Many business owners rarely think that health insurance fraud will happen in their company but the fact remains that insurance
fraud, waste and abuse happens across the board in companies large and small and is costing America’s health care system billions of dollars.
Insurance fraud, waste and abuse is estimated to take up at least 10 percent of total health care dollars spent with an estimated total
of $260 billion annually by 2010, says Cissy Walker, director of audit services for AvMed Health Plans of Gainesville. “Health care fraud,
waste and abuse is a menace to each person, their family and the future of health care,” says Walker. “It results in higher premiums or
fewer benefits, higher co-payments and even higher taxes.”
Smart Business spoke with Walker about the serious problem of health insurance fraud and what businesses can do to prevent it.
Could you give an example of the financial impact of fraud and abuse on the average insurance premium?
As I mentioned, about 10 percent to 12 percent of total health care dollars are to cover fraud, waste and abuse. For example, of the $1.7
trillion spent on health care in 2004, 11 percent directly relates to prescription drugs. Approximately 11 million people are on prescription drugs without a medical need supporting the drug.
What are some ways that business owners and employees can detect and prevent insurance fraud?
As part of their compliance program, they can establish a rational, integrated, control-oriented anti-fraud program.

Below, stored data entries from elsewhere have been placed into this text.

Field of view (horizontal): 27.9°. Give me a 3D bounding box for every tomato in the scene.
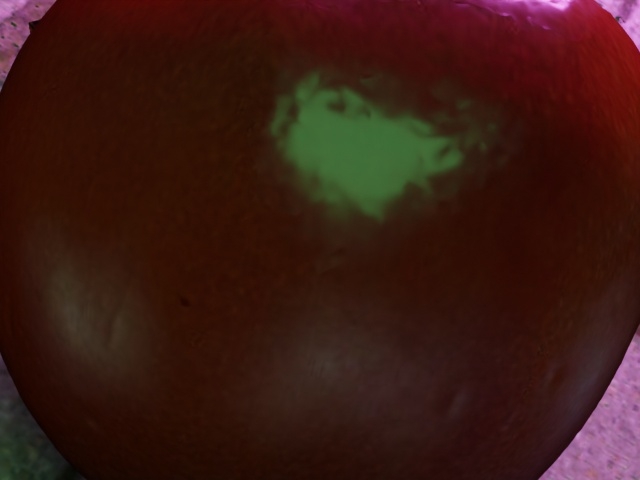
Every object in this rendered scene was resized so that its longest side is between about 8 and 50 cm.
[{"bbox_3d":[0.000,0.000,0.610,0.321,0.321,0.321,8,63,-17],"label":"tomato"}]

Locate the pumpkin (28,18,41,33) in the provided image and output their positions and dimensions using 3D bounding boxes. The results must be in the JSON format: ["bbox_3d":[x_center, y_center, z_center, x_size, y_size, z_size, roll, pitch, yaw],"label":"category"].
[{"bbox_3d":[-0.119,-0.098,0.742,0.074,0.054,0.083,-25,81,-24],"label":"pumpkin"}]
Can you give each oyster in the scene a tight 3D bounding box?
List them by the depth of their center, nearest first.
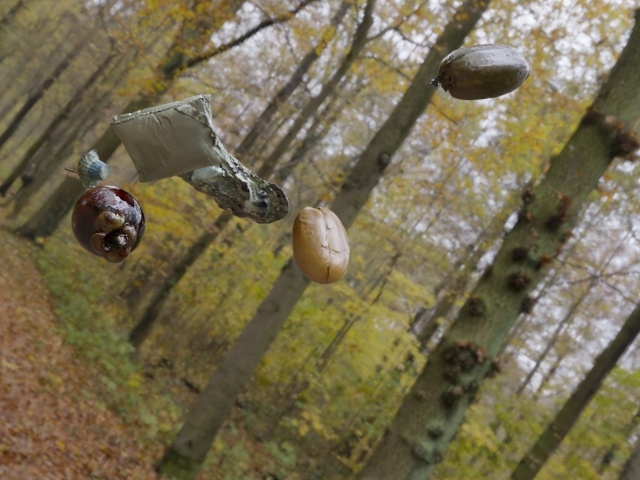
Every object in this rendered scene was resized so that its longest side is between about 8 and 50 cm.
[{"bbox_3d":[-0.191,-0.119,1.596,0.200,0.087,0.252,-8,-44,30],"label":"oyster"}]

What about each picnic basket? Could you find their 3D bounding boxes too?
[{"bbox_3d":[-0.475,-0.149,1.567,0.083,0.065,0.083,14,-53,19],"label":"picnic basket"}]

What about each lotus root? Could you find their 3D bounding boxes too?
[{"bbox_3d":[0.381,-0.395,1.765,0.124,0.241,0.123,57,-29,33],"label":"lotus root"}]

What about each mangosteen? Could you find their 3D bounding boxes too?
[{"bbox_3d":[-0.352,-0.023,1.272,0.140,0.140,0.140,36,-10,7],"label":"mangosteen"}]

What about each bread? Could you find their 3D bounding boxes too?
[{"bbox_3d":[0.000,0.000,1.505,0.114,0.189,0.077,-3,-35,-9],"label":"bread"}]

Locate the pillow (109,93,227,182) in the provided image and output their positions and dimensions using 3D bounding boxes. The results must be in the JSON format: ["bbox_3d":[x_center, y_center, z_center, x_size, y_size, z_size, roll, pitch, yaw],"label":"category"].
[{"bbox_3d":[-0.263,-0.175,1.320,0.077,0.182,0.134,-85,161,-57],"label":"pillow"}]
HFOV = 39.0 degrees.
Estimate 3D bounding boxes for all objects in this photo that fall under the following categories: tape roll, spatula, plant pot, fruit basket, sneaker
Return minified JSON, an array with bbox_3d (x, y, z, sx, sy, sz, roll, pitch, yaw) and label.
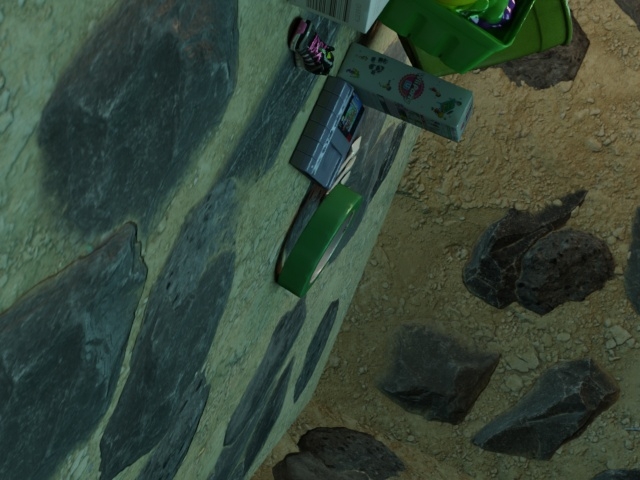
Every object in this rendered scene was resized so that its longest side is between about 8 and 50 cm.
[{"bbox_3d":[0.000,0.000,2.426,0.321,0.077,0.321,-59,175,-9],"label":"tape roll"},{"bbox_3d":[0.055,-0.184,2.580,0.242,0.019,0.168,-52,169,-49],"label":"spatula"},{"bbox_3d":[0.352,-0.556,2.148,0.353,0.366,0.366,-25,172,6],"label":"plant pot"},{"bbox_3d":[0.266,-0.551,1.805,0.283,0.392,0.392,-59,168,-34],"label":"fruit basket"},{"bbox_3d":[-0.009,-0.355,1.678,0.063,0.075,0.170,-63,169,-11],"label":"sneaker"}]

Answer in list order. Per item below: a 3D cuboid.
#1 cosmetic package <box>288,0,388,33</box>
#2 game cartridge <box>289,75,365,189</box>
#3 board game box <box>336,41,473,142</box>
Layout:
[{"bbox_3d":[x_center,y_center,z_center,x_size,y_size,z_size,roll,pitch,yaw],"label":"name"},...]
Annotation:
[{"bbox_3d":[0.056,-0.479,1.509,0.151,0.151,0.184,99,17,-55],"label":"cosmetic package"},{"bbox_3d":[0.027,-0.250,2.167,0.230,0.068,0.355,-62,170,1],"label":"game cartridge"},{"bbox_3d":[0.206,-0.347,2.148,0.097,0.303,0.224,-65,170,1],"label":"board game box"}]
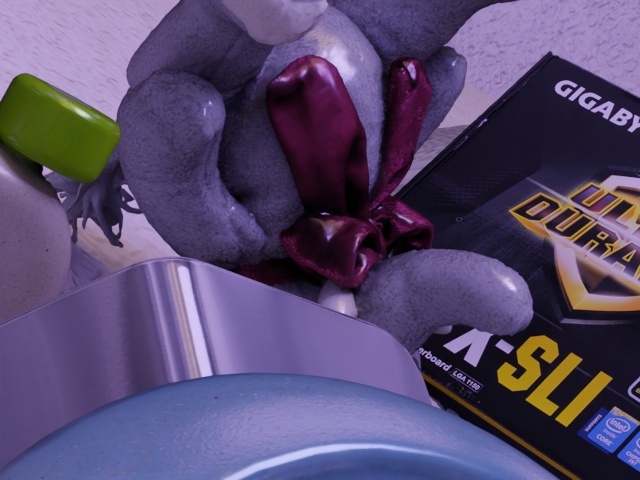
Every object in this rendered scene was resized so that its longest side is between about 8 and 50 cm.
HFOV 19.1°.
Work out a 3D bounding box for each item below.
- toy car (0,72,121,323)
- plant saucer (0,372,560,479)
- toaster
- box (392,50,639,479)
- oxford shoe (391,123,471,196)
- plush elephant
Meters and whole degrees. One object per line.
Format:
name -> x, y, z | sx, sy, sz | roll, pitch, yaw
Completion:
toy car -> -0.200, -0.028, 0.835 | 0.149, 0.155, 0.188 | 28, 3, -31
plant saucer -> 0.024, 0.178, 0.489 | 0.318, 0.044, 0.317 | 17, 59, -30
toaster -> -0.063, 0.097, 0.633 | 0.186, 0.168, 0.110 | 22, 47, -54
box -> 0.187, 0.041, 1.195 | 0.322, 0.257, 0.079 | 33, -22, 35
oxford shoe -> 0.092, -0.028, 1.601 | 0.449, 0.169, 0.130 | -92, 169, -83
plush elephant -> 0.000, 0.000, 1.033 | 0.272, 0.330, 0.255 | -13, 71, -56
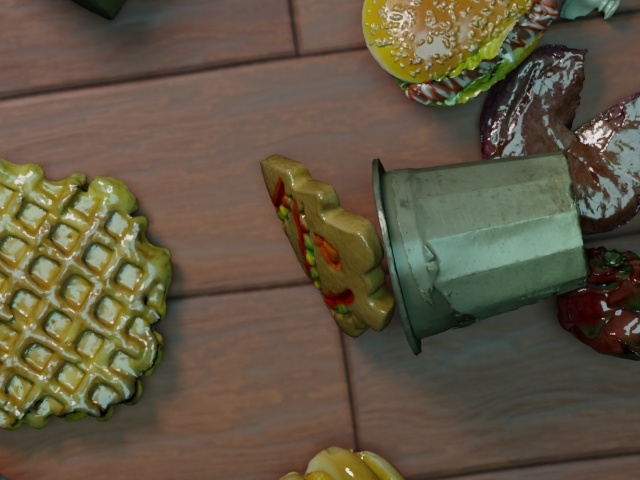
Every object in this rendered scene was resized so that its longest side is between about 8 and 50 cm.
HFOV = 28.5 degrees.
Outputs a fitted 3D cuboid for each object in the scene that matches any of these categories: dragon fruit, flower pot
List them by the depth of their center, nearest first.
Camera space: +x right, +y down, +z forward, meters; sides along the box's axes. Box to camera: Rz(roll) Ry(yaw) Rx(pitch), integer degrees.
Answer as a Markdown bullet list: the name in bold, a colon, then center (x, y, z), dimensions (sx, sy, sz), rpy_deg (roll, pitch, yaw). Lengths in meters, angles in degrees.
- **flower pot**: center (0.170, 0.004, 1.316), dimensions (0.202, 0.212, 0.212), rpy_deg (-9, 93, 8)
- **dragon fruit**: center (0.326, 0.067, 1.382), dimensions (0.130, 0.121, 0.142), rpy_deg (-37, 79, -18)

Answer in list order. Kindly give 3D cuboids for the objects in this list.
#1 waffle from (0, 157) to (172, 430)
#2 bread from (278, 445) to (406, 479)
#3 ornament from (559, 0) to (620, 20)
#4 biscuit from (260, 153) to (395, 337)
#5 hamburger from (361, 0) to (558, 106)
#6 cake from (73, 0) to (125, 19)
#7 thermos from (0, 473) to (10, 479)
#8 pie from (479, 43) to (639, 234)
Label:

Of major importance
is education and awareness of detection and prevention. Companies need an active fraud awareness program to include a well-publicized referral system that allows employees to report any suspect fraud, waste and abuse. Anonymity and nonretaliation must be assured,
as appropriate for reporters.
Businesses need to implement mandatory annual training for every level within the organization to include awareness for detection,
prevention and a referral system. Sharing facts with employees of the financial impact to consumers along with examples of current
fraud trends in the nation often is not only an eye-opener, but can discourage waste and abuse and help prevent fraud.

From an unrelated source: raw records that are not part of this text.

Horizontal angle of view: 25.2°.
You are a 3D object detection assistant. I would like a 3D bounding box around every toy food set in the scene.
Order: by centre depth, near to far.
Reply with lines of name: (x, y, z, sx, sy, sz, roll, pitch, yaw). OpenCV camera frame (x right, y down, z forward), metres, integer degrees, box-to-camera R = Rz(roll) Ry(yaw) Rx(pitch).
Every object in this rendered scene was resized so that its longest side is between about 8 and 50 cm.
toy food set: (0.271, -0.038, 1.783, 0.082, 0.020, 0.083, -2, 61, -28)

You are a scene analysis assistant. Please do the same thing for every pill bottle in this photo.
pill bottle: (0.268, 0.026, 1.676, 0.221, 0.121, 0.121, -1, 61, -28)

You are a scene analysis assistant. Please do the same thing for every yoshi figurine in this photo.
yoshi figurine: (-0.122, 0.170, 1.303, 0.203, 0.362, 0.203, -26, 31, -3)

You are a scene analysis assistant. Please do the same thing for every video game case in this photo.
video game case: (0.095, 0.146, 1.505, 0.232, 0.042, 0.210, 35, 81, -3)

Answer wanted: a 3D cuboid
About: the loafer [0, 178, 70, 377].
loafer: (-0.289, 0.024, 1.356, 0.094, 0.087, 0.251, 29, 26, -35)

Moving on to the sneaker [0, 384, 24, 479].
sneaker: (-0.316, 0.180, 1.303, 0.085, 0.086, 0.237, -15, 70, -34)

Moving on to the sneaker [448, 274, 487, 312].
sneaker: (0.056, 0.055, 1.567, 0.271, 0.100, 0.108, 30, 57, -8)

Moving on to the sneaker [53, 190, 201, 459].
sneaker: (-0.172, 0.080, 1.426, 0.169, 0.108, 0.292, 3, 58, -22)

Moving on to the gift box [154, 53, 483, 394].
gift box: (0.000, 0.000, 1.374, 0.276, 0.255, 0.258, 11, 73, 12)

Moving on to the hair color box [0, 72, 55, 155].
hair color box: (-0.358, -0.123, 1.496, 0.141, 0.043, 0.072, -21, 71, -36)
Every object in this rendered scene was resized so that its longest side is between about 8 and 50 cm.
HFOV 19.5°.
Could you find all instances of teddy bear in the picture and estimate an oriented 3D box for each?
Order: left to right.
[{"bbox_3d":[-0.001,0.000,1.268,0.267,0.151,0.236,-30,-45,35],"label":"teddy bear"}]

What, exactly, is considered health care fraud and abuse?
Fraud is the intentional deception or misrepresentation that an individual or entity knows to be false or does not believe to be true and
makes, knowing the deception could result in some unauthorized benefit to him/herself or some other person. The five elements of fraud
include false representation, knowledge of its falsity, intent to defraud, justifiable reliance by the intended victim, and results in damage.
Similar, abuses are practices by facilities, physicians and suppliers that while not usually considered fraudulent are nevertheless
inconsistent with accepted medical, business and fiscal practices.
An error is the unintentional deviation from accuracy that affects claim adjudication such as unintentional billing error, incorrect procedure code, date of service error, incorrect member name or claim form mistake.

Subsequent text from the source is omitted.